Source material:
▶
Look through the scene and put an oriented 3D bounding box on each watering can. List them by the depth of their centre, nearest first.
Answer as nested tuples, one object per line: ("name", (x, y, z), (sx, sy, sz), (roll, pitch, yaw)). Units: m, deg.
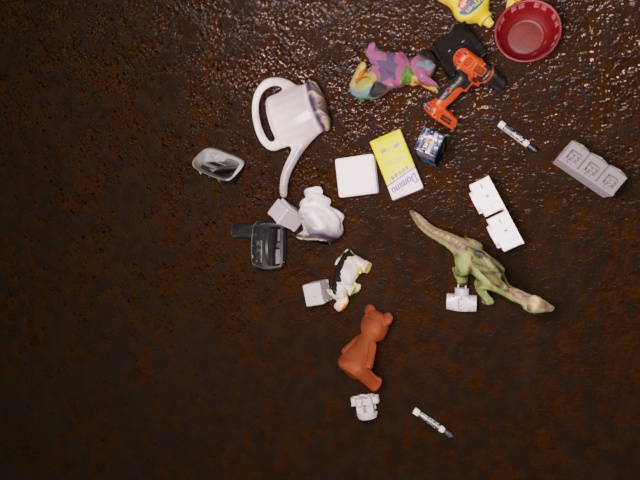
("watering can", (-0.071, -0.312, 1.471), (0.223, 0.104, 0.349), (-18, 84, 14))

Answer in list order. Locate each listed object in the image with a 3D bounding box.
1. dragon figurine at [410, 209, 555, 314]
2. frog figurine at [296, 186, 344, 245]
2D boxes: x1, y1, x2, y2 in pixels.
("dragon figurine", (0.383, 0.046, 1.260), (0.412, 0.241, 0.122), (40, 86, 9))
("frog figurine", (0.004, -0.073, 1.448), (0.137, 0.122, 0.160), (9, 83, -17))
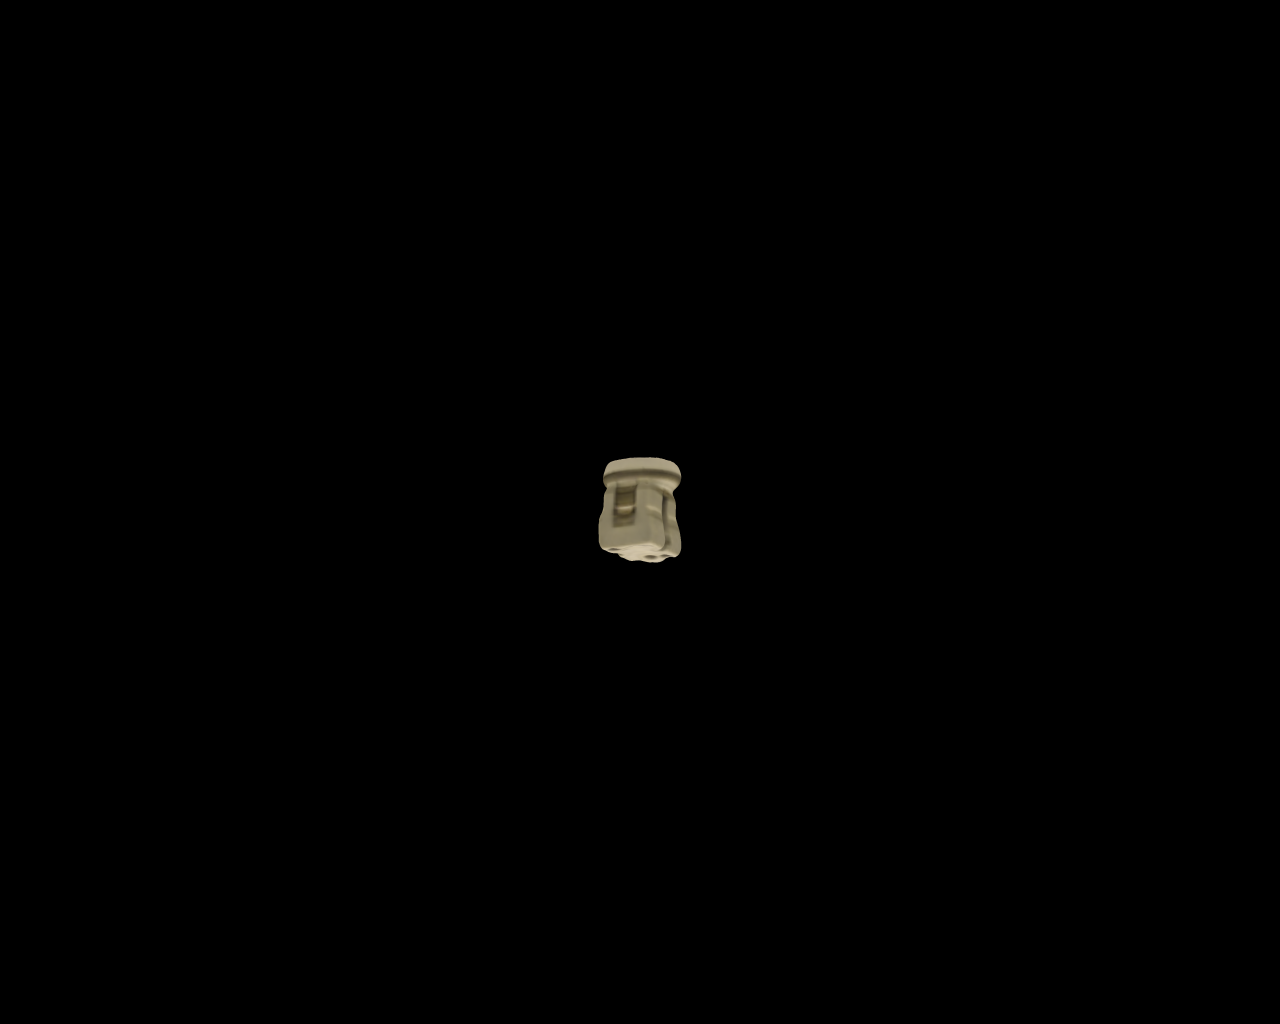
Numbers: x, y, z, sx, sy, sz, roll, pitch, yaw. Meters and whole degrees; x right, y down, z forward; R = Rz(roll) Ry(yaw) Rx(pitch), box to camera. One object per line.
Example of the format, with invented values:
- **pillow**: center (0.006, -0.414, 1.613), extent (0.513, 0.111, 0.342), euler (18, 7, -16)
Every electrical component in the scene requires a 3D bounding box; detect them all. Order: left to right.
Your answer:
- **electrical component**: center (0.001, -0.003, 0.650), extent (0.048, 0.055, 0.066), euler (-6, -15, 23)
◀
What the exercise asks:
Work out how many lines in the entries hold the string "them". Your answer should consist solely of that number.

Result of this exercise:
2